In terms of money, Red Hat buying StackRox probably isn’t that big a deal. Sources say it was just above $100 million. Big money to you and me, but peanuts for big tech companies. But, when it comes to securing Kubernetes, this is an enormous deal not just for Red Hat and its in-house Kubernetes distro, OpenShift, but for all Kubernetes distros and services.
That’s because StackRox’s software does an exceptional job of providing visibility across Kubernetes clusters by deploying components for enforcement and data collection directly into the Kubernetes cluster infrastructure. StackRox also provides a policy engine that includes hundreds of built-in controls to enforce security best practices, industry standards, and configuration management.
With StackRox, Red Hat said it would focus on improving security for cloud-native workloads by expanding and refining Kubernetes’ native controls, and shifting security into the container build and CI/CD phase.
Best of all, Red Hat will be open-sourcing StackRox’s technology. In addition to OpenShift, StackRox will continue to support multiple Kubernetes platforms, including Amazon Elastic Kubernetes Service, Microsoft Azure Kubernetes Service, and Google Kubernetes Engine.
Red Hat is also expected to integrate StackRox’s security measures with its container registry Quay. This will enable you to ensure security in your application pipelines, including your existing container image scanning and continuous integration, continuous delivery, and continuous deployment (CI/CD) programs.

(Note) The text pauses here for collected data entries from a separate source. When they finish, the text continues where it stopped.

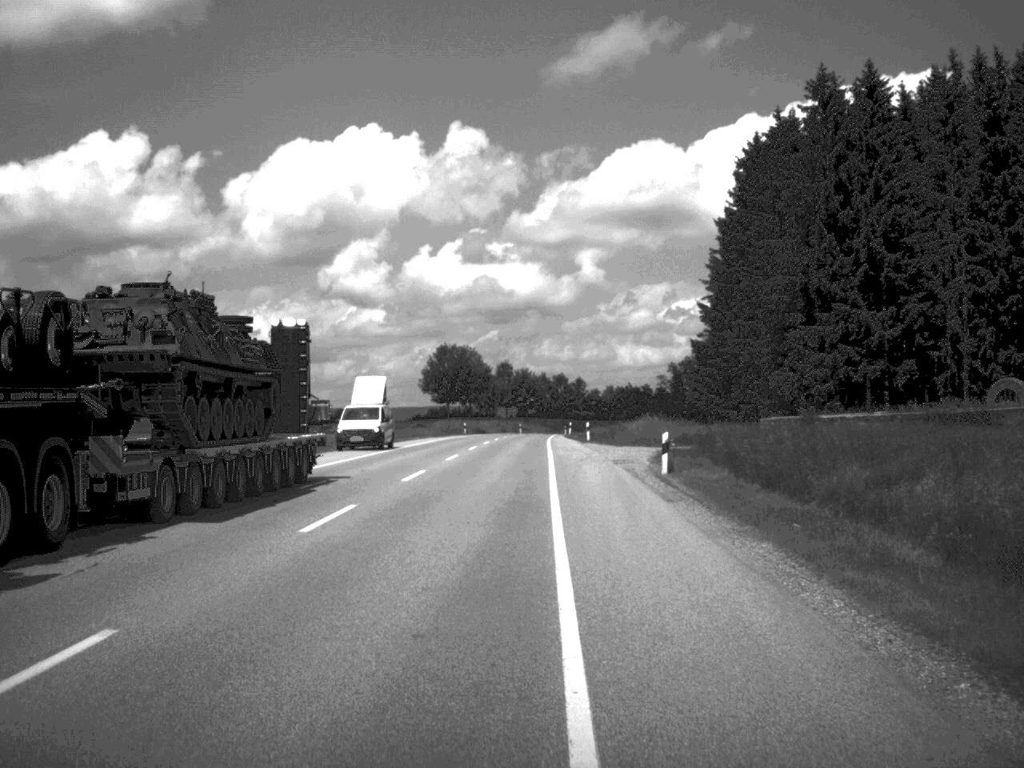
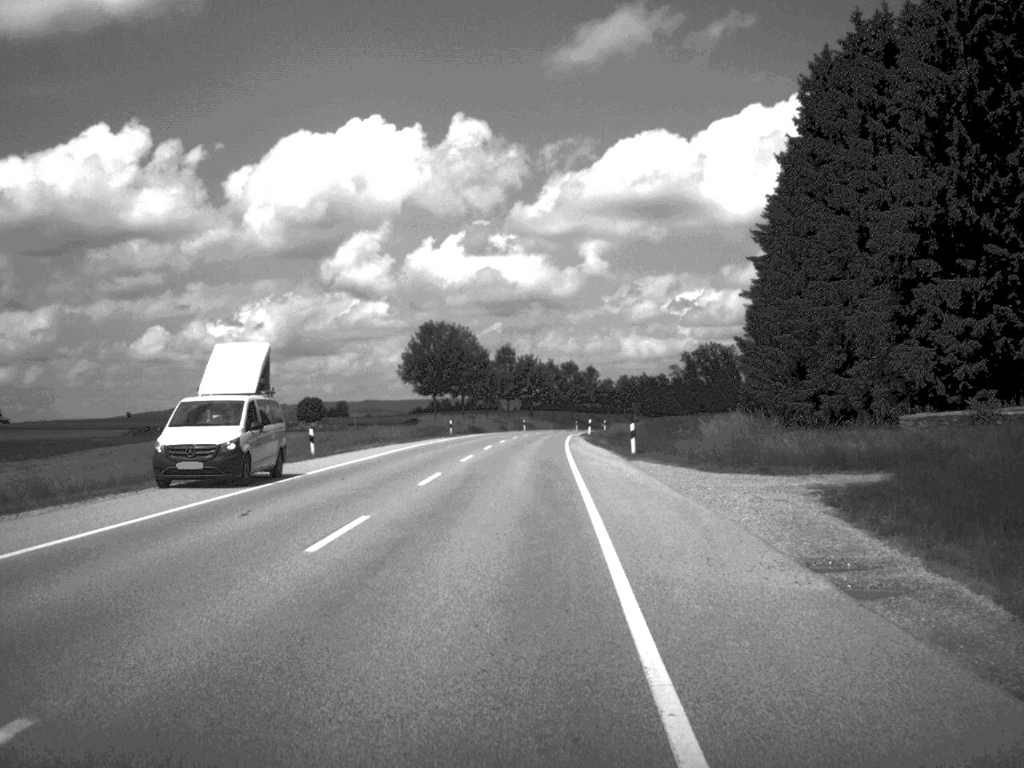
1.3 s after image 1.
(-0.1, +25.6) m; 0°
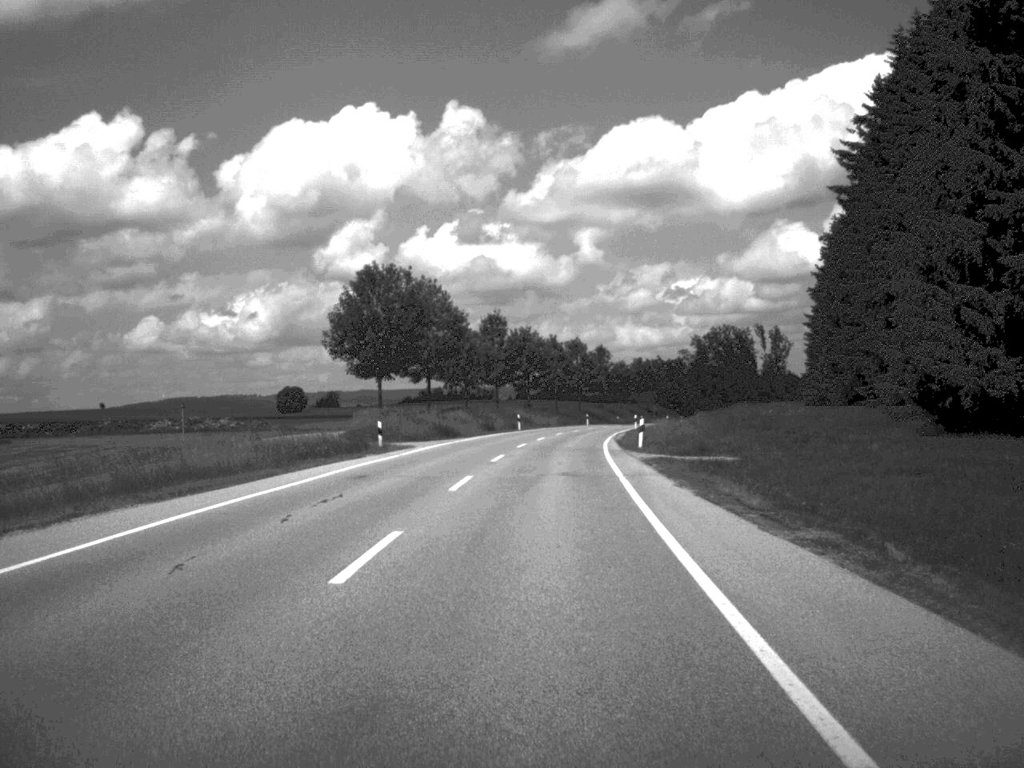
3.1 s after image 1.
(-0.1, +37.7) m; 0°
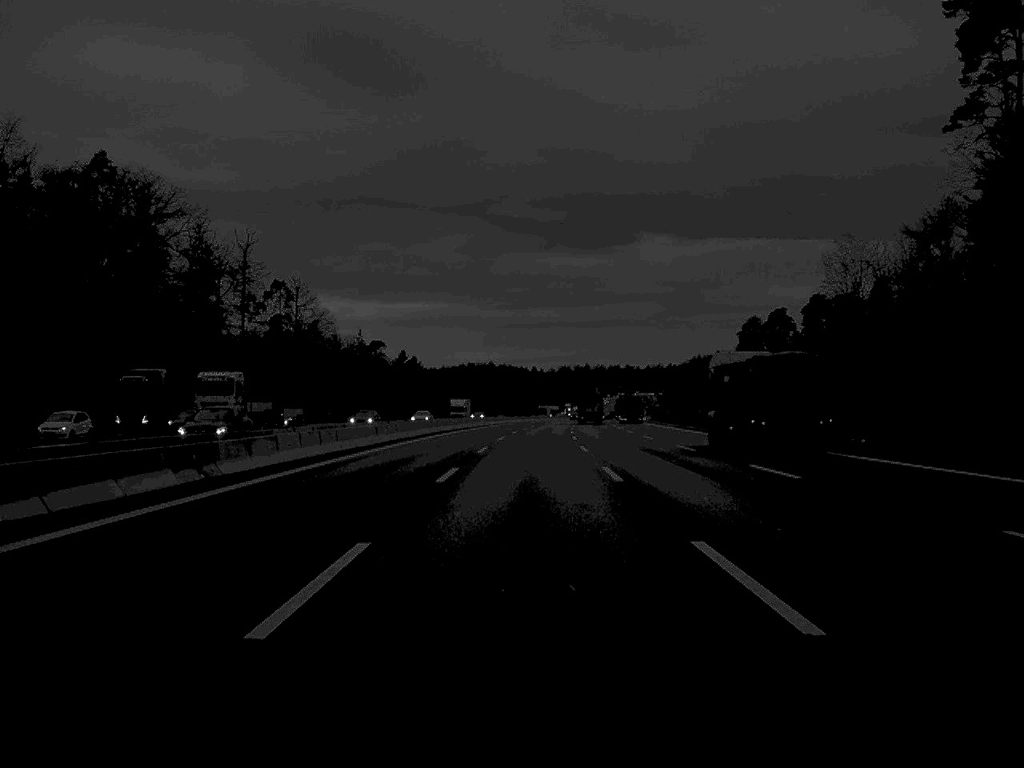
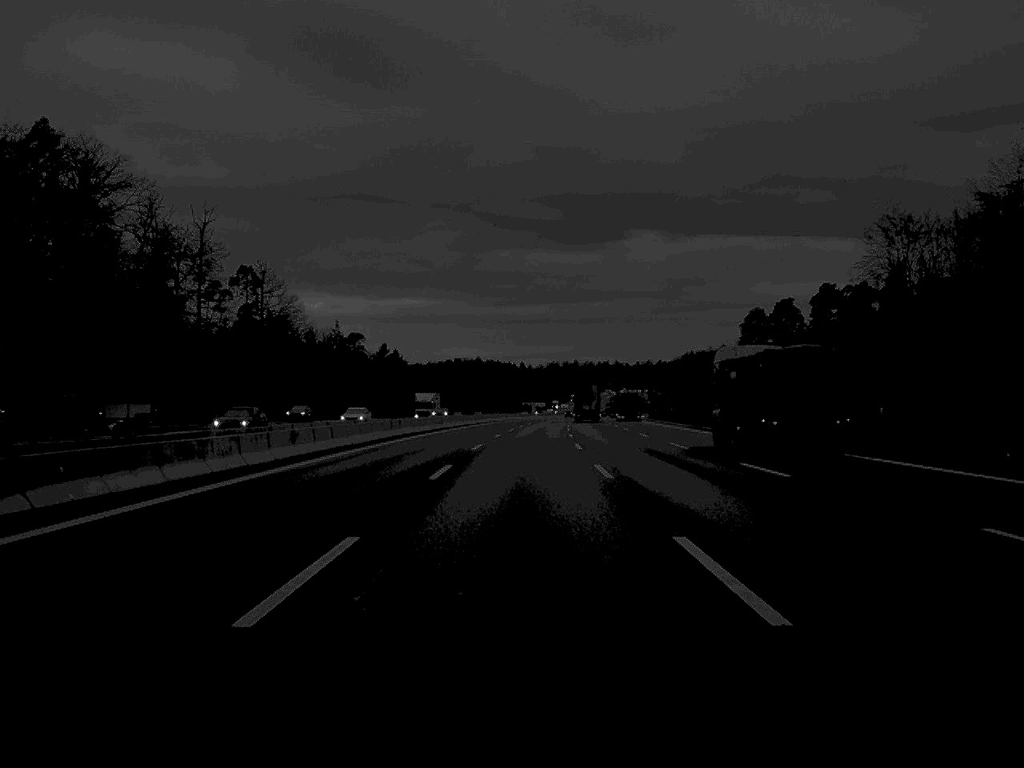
(+0.1, +17.7) m; +1°
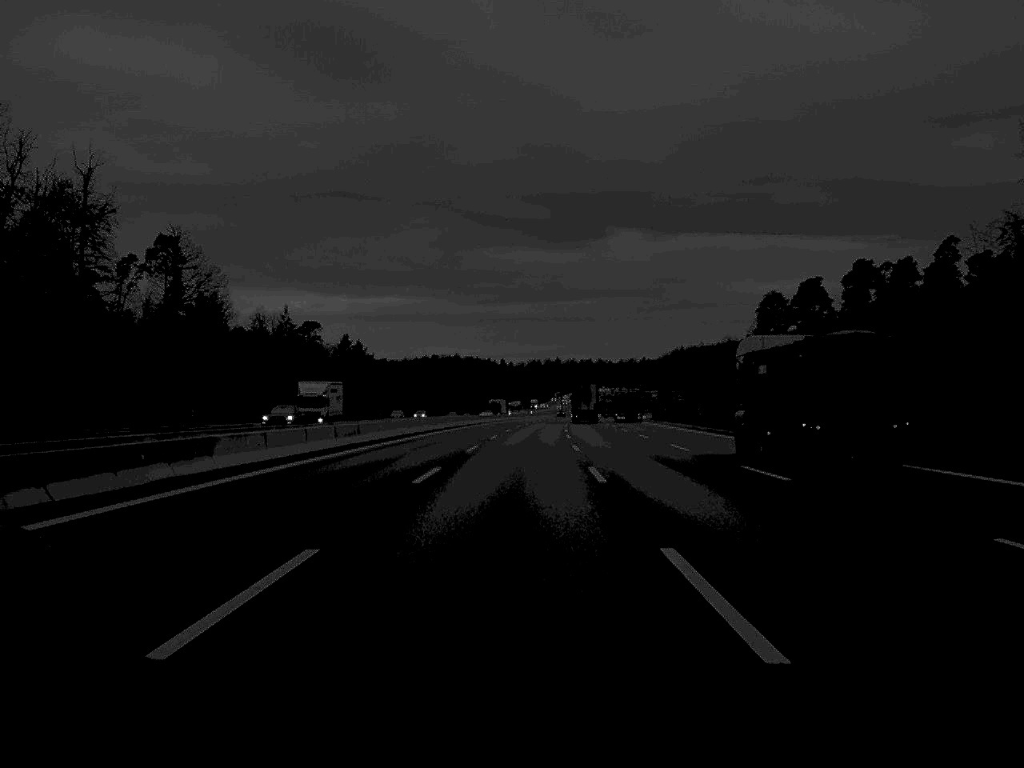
(+0.3, +37.0) m; +1°

Red Hat will also be getting KubeLinter, StackRox’s newly open-sourced lint-style analysis program for Kubernetes YAML files and Helm charts. This will also prove very useful for both securing and cleaning up cloud-native programs.
After all, as Red Hat CEO Paul Cormier said, “Securing Kubernetes workloads and infrastructure cannot be done in a piecemeal manner; security must be an integrated part of every deployment, not an afterthought. Red Hat adds StackRox’s Kubernetes-native capabilities to OpenShift’s layered security approach, furthering our mission to bring product-ready open innovation to every organization across the open hybrid cloud across IT footprints.”
Ashesh Badani Red Hat’s senior VP of Cloud Platforms, added after the deal was completed that:
Over the past several years we have paid close attention to how our customers are securing their workloads, as well as the growing importance of GitOps to organizations. Both of these have reinforced how critically important it is for security to “shift left” – integrated within every part of the development and deployment lifecycle and not treated as an afterthought. With StackRox, we will be working to add security into container build and CI/CD processes. This helps to more efficiently identify and address issues earlier in the development cycle while providing more cohesive security up and down the entire IT stack and throughout the application lifecycle.
It’s not just Red Hat that thinks well of this acquisition. 451 Research likes it too. “For those looking to secure complex environments, they need more than security features alone — there’s a need for visibility across many environments, compliance management, threat detection, incident response, and much more,” it said. That’s exactly what StackRox software offerings will give Red Hat and other companies’ Kubernetes-based hybrid-clouds and programs.